Thus, finally, the value from the unheated sensor Guh is taken for further processing. The precipitation field after the spatial interpolation of QC data obtained by the ordinary kriging method is shown in Fig. 8d. The precipitation values around this rain station location are clearly lower than those shown in Fig. 8a (without QC). The QI field for spatially interpolated rain gauge data is shown in Fig. 8e – the Nowa Wieś Podgórna rain station is of lower quality than the neighbouring rain stations.

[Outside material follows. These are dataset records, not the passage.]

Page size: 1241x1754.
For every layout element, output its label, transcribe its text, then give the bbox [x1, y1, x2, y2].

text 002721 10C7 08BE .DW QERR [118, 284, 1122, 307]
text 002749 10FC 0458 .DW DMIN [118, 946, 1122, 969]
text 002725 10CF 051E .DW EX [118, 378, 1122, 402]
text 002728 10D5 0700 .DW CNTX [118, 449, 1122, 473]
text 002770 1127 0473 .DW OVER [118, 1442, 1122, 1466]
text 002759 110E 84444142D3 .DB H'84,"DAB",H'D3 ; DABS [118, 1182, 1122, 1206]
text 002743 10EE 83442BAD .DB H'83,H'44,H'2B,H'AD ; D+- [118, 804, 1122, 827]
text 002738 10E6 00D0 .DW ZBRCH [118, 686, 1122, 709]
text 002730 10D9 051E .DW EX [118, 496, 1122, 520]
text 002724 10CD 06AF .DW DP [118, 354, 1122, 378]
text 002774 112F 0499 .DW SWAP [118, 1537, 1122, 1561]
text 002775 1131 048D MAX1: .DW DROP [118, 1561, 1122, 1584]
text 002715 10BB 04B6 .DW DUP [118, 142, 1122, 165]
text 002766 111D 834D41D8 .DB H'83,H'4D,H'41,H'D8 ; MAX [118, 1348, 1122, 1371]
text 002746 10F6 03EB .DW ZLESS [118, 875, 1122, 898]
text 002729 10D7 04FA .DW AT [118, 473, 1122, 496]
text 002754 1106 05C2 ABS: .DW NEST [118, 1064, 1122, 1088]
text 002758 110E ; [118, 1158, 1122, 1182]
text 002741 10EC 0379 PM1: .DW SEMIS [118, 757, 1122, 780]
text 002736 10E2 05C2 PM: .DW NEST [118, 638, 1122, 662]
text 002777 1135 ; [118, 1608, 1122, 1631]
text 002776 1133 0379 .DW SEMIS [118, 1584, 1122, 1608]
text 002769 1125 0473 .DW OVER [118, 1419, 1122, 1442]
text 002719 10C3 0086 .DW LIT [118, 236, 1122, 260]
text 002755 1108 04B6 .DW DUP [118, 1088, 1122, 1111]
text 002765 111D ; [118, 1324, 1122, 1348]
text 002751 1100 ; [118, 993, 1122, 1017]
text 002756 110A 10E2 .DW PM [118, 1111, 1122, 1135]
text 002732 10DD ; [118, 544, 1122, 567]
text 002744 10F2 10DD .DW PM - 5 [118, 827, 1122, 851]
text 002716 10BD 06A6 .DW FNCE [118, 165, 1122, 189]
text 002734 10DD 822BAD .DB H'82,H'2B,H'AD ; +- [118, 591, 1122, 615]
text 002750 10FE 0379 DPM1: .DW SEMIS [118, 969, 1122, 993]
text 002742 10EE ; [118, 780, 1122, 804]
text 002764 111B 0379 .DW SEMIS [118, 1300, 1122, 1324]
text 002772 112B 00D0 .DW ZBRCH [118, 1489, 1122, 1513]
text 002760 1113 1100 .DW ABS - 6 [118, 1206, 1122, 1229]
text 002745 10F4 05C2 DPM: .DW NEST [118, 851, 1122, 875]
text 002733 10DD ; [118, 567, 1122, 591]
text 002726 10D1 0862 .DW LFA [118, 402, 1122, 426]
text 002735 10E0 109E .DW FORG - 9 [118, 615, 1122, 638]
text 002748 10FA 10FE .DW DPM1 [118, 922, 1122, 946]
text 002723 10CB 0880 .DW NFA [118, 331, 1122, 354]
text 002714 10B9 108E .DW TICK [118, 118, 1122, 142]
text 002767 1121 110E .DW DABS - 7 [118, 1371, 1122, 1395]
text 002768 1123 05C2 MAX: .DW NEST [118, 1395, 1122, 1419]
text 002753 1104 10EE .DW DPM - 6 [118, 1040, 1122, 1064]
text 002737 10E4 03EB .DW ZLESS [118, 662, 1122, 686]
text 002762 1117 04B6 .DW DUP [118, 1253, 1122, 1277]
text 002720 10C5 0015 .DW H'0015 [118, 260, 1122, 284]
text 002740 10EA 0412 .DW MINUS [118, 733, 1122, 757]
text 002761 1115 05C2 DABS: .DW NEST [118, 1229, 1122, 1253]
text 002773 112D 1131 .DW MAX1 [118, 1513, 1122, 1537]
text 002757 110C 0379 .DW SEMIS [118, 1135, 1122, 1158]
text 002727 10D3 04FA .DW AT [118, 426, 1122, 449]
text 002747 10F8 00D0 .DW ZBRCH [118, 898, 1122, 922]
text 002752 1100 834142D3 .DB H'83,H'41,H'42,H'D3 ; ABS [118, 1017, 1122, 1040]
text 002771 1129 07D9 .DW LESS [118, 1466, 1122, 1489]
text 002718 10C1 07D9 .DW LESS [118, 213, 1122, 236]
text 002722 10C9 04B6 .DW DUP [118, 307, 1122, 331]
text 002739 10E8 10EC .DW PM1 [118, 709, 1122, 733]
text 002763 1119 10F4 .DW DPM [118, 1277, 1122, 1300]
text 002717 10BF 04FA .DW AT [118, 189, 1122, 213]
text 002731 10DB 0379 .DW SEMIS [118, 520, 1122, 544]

QC of rain gauge data influences the precipitation fields produced by applications for the generation of multi-source fields. This is shown by the example of the QPE fields produced by the RainGRS system, which operationally combines precipitation data from rain gauges, weather radar, and meteorological satellites (see Sect. 2.3). In Fig. 8 two fields generated by RainGRS are presented: based on rain gauge data without QC and after QC (Fig. 8f and g, respectively). Applying quality-controlled rain gauge data, the RainGRS estimate decreases from 16.19 to 3.26 mm/10 min, which is a very significant effect.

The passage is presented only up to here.